Cardiovascular, cerebrovascular and arterial pathology in cocaine users as imaged by magnetic resonance imaging and positron emission tomography.a Cocaine’s acute and chronic toxicity mechanisms on the vessel, heart, and the central nervous system (CNS), and their interactions. Cocaine, compared to other illicit drugs, poses a particular risk for vascular disease and is most involved in emergency room visits (40.3%), with highest rates for men aged 35–44 years, amounting to a vast social and economic burden . For example, 18F-fluorodeoxyglucose positron emission tomography (18F-FDG-PET) and magnetic resonance imaging (MRI), PET/MR, allow simultaneous investigation and tracking of brain, cardiac and the carotid arteries function and structure in the same individuals.

Fig. 1. Cocaine’s acute and chronic toxicity mechanisms.

• While smoking crack or sniffing cocaine, there is a vast accumulation of the drug in the heart affecting myocardial tissue directly .
• Multimodality imaging studies could promote the identification of CUD with silent pre-symptomatic atherosclerosis in the brain, heart and arteries 100–104.
• For such a short and simple-looking word, acute has a rather bewildering range of meanings.
• We present the main mechanisms of acute and chronic cocaine-induced toxicity on vessels, brain and heart (Fig. 1) and the common vascular and systemic effects of cocaine use in humans (Fig. 2).
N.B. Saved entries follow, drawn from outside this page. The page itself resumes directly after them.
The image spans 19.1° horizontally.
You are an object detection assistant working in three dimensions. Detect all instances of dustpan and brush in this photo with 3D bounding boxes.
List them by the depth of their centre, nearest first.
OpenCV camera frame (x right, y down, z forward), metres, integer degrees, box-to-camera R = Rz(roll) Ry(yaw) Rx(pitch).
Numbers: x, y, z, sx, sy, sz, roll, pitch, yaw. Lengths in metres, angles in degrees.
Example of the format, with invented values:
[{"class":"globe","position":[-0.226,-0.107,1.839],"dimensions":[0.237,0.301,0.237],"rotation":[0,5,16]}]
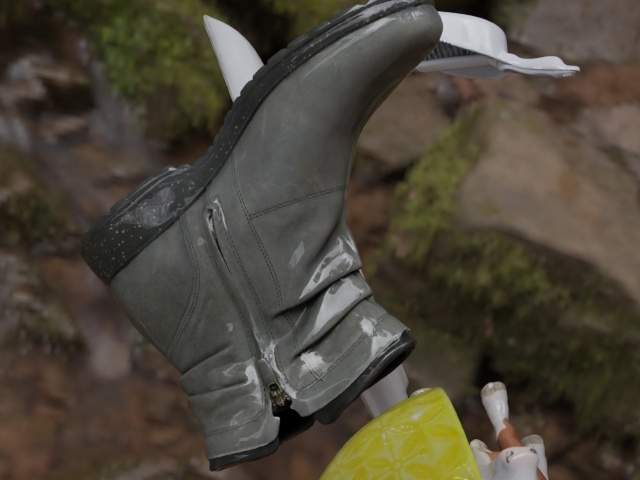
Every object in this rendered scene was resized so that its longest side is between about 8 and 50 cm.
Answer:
[{"class":"dustpan and brush","position":[0.165,-0.189,1.938],"dimensions":[0.211,0.060,0.147],"rotation":[-1,-15,28]}]

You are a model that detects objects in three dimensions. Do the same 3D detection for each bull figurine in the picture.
[{"class":"bull figurine","position":[0.154,0.220,1.538],"dimensions":[0.101,0.310,0.188],"rotation":[-20,53,5]}]

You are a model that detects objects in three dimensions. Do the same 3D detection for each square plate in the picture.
[{"class":"square plate","position":[0.000,0.000,1.809],"dimensions":[0.049,0.347,0.344],"rotation":[-24,55,0]}]

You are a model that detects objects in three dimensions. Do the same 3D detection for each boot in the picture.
[{"class":"boot","position":[0.003,-0.001,0.986],"dimensions":[0.161,0.246,0.083],"rotation":[53,18,14]}]

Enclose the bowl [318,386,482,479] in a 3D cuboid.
[{"class":"bowl","position":[0.050,0.259,1.291],"dimensions":[0.156,0.289,0.289],"rotation":[-16,40,-2]}]
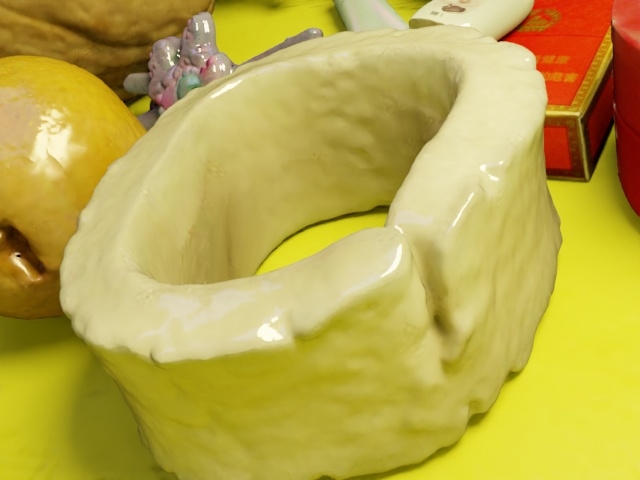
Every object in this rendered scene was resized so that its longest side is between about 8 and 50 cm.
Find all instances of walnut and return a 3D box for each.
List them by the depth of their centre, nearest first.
[{"bbox_3d":[-0.274,-0.281,0.941,0.313,0.277,0.252,-4,54,-41],"label":"walnut"}]

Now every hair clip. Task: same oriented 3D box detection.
[{"bbox_3d":[-0.088,-0.163,0.842,0.279,0.137,0.090,-5,4,18],"label":"hair clip"}]

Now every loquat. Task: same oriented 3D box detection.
[{"bbox_3d":[-0.221,-0.039,0.672,0.208,0.208,0.208,-13,38,10],"label":"loquat"}]

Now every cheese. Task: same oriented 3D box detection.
[{"bbox_3d":[0.002,-0.002,0.561,0.293,0.153,0.332,0,43,26],"label":"cheese"}]

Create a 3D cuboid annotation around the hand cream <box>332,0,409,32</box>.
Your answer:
[{"bbox_3d":[0.054,-0.240,0.923,0.078,0.049,0.204,-22,41,0],"label":"hand cream"}]

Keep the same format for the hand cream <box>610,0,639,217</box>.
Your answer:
[{"bbox_3d":[0.305,-0.098,0.547,0.230,0.149,0.230,-14,35,10],"label":"hand cream"}]

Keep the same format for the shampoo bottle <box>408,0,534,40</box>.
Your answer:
[{"bbox_3d":[0.152,-0.209,0.727,0.152,0.045,0.077,-36,38,-19],"label":"shampoo bottle"}]

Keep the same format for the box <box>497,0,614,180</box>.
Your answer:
[{"bbox_3d":[0.188,-0.153,0.736,0.153,0.074,0.239,4,44,35],"label":"box"}]
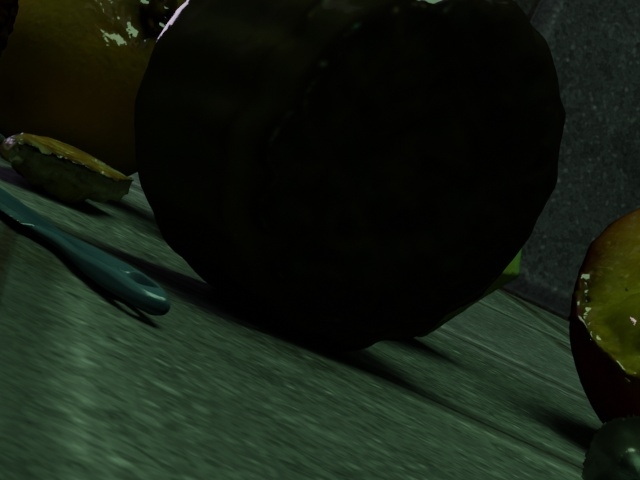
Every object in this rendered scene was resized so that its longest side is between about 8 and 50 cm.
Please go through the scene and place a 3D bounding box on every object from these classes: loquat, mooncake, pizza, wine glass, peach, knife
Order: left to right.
[{"bbox_3d":[-0.170,-0.005,1.093,0.044,0.019,0.313,20,4,-33],"label":"knife"},{"bbox_3d":[-0.201,-0.054,1.386,0.099,0.036,0.160,25,4,2],"label":"pizza"},{"bbox_3d":[-0.198,-0.157,1.544,0.208,0.208,0.208,26,3,-2],"label":"loquat"},{"bbox_3d":[0.028,-0.066,1.232,0.290,0.290,0.161,23,5,-37],"label":"mooncake"},{"bbox_3d":[0.226,0.161,1.062,0.066,0.066,0.198,25,3,-19],"label":"wine glass"},{"bbox_3d":[0.335,0.081,1.451,0.281,0.281,0.338,27,3,12],"label":"peach"}]

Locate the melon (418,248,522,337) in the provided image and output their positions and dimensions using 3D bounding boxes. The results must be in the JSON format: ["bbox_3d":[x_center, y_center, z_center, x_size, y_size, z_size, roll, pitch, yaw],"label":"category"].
[{"bbox_3d":[0.050,0.002,1.501,0.124,0.196,0.323,55,20,21],"label":"melon"}]

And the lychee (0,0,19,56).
[{"bbox_3d":[-0.323,-0.193,1.333,0.188,0.188,0.188,26,3,-2],"label":"lychee"}]
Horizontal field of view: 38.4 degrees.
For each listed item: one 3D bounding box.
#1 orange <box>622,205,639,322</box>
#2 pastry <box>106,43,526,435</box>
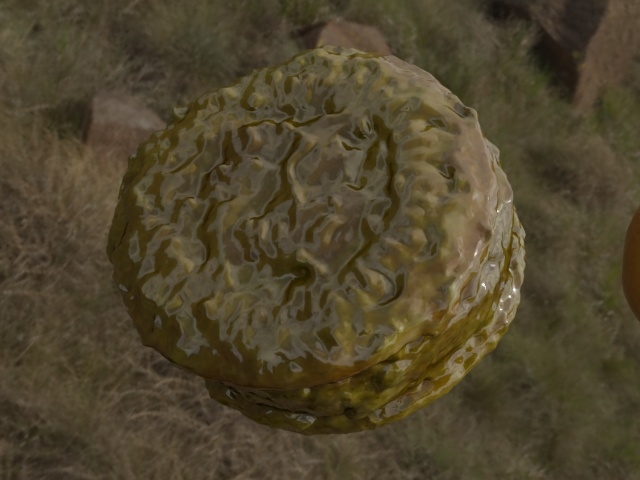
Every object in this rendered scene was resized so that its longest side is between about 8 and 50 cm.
[{"bbox_3d":[0.321,0.018,0.733,0.159,0.136,0.159,0,91,-34],"label":"orange"},{"bbox_3d":[0.000,0.000,0.441,0.103,0.188,0.189,59,15,-54],"label":"pastry"}]

For example, vasoconstriction, a main underlying cause of ischemic strokes, may result from the increased availability of epinephrine, norepinephrine, and serotonin (especially in large and medium-sized brain vessels) in the vasculature due to cocaine blockade of their reuptake 55–57. In addition, cocaine induces disruption of cerebral autoregulation of blood flow (maintaining relatively constant blood flow despite changes in perfusion pressure) and global reduction in cerebral glucose metabolism . In addition to ischemic heart disease , other complications include multiple foci of mid-wall and subepicardial late enhancement in the apical septum and apical lateral wall and coronary vasoconstriction 2,16,23. Cocaine creates an elevated immune system inflammatory state with decreased basal anti-inflammatory markers (e.g., interleukin-10) 42,51, and increased pro-inflammatory cytokines (e.g., tumor necrosis factor alpha, Interleukin 1β) 42,51, all contributing to vascular disease (e.g., endocarditis).

Vascular disease in cocaine addiction

Cerebral vasospasm is pharmacologically induced via cocaine’s potent sympathomimetic properties and an increase of endothelin-132,34. These mechanisms underlie inadequate myocardial oxygen equilibrium, which may lead to ischemia and manifest as angina or infarction 2,13. Cocaine induces acute cardiotoxicity through multiple pathways (Fig. 1, left box). It was recently demonstrated that cocaine elicits autophagy involving nitric oxide and glyceraldehyde-3-phosphate dehydrogenase signaling cascade .

Stimulation of dopamine cells in the ventral tagmental area increases blood pressure and this effect is antagonized by the dopamine D2 receptor blockers . In addition, cocaine blocks reuptake of catecholamines in the presynaptic neurons in the central and peripheral nervous systems, resulting in increased catecholamines, sympathetic output and stimulation 2,19. At high doses, cocaine is markedly more dangerous than other central nervous system stimulants, including amphetamines , and can cause sudden cardiac death through its effect on sodium channels and local anesthetic actions 13,14,16. Underlying this addiction is CUD’s association with abnormal brain morphology and function involving inefficiencies in circuits that coordinate reward and self-control processes . Furthermore, the phenomenology of CUD consists of repeated drug use leading to tolerance, withdrawal, and compulsive drug-seeking behavior with inability to abstain, despite adverse effects to medical, social and occupational functioning. “Crack-Cocaine” was introduced in the mid-1980s involving a new route of administration, smoking (as opposed to sniffing), which enhances vascular toxicity.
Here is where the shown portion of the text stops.